China cracks down on Tiananmen anniversary

Police in China beat and detained political activists marking the 23rd anniversary of the brutal crackdown of the Tiananmen democracy protests on Sunday, rights campaigners said.

Officers used violence against rights defenders in the southeast Fujian province and detained them, while more than 30 petitioners were held in Beijing and forced to return to their home province, the activists reported.

"Around 20 rights defenders were stopped by police and beaten this morning on May First Square," Shi Liping, the wife of activist Lin Bingxing, told AFP by phone from Fuzhou, capital of Fujian province.

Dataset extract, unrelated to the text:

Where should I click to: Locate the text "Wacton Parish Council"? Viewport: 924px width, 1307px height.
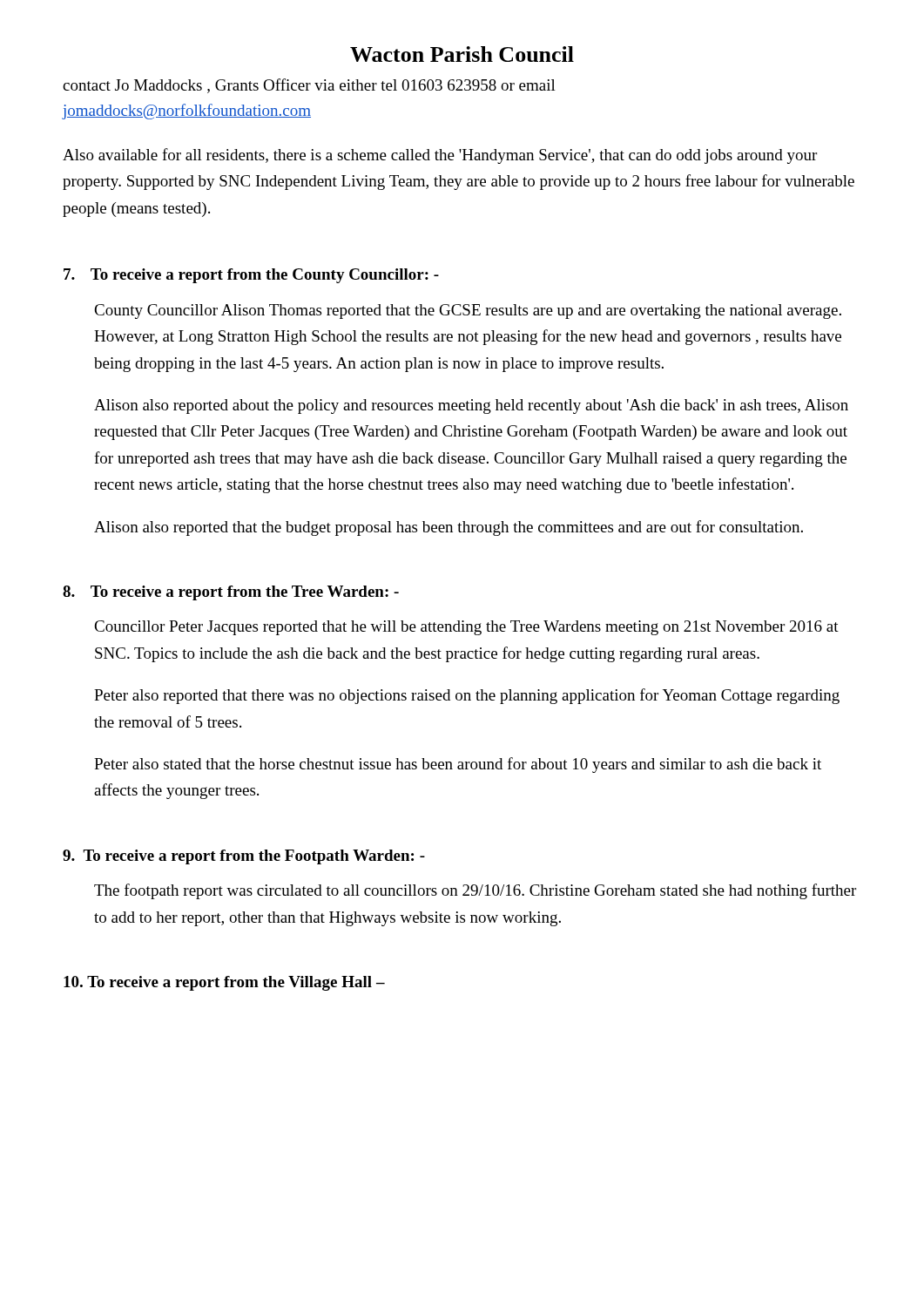462,54

"The police said they were going to 'beat them to death'. They took about eight people into custody, including my husband. I fear he has been beaten badly."

Police in Fuzhou, when contacted by AFP, denied anyone had been detained.

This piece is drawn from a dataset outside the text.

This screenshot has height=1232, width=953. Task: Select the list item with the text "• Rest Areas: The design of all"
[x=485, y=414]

People's Liberation Army soldiers stormed into central Beijing on 3 to 4 June 1989, firing upon unarmed demonstrators and citizens, killing hundreds if not thousands, as they ended six weeks of democracy protests on Tiananmen Square.

More than two decades later, Beijing still considers the incident a "counter revolutionary rebellion" and a "political storm" and has refused to acknowledge any wrongdoing or consider compensation for those killed.

In Beijing, police arrested at least 30 activists from eastern China's Zhejiang province at a Beijing railway station Saturday and put them on a bus to their hometown of Wuxi.

"The police told us it was because of 4 June [the day of the crackdown], that during sensitive periods they had to clean up unstable elements," petitioner Xie Qiming, told AFP from the bus.

"No one was beaten, but there were no legal procedures either, they just forced us on to the bus and are sending us home."

Any mention of the protests is banned in state media. The overseas dissident website in recent days urged those opposed to the crackdown to dress in black and "stroll" in public places throughout China on 3 to 4 June.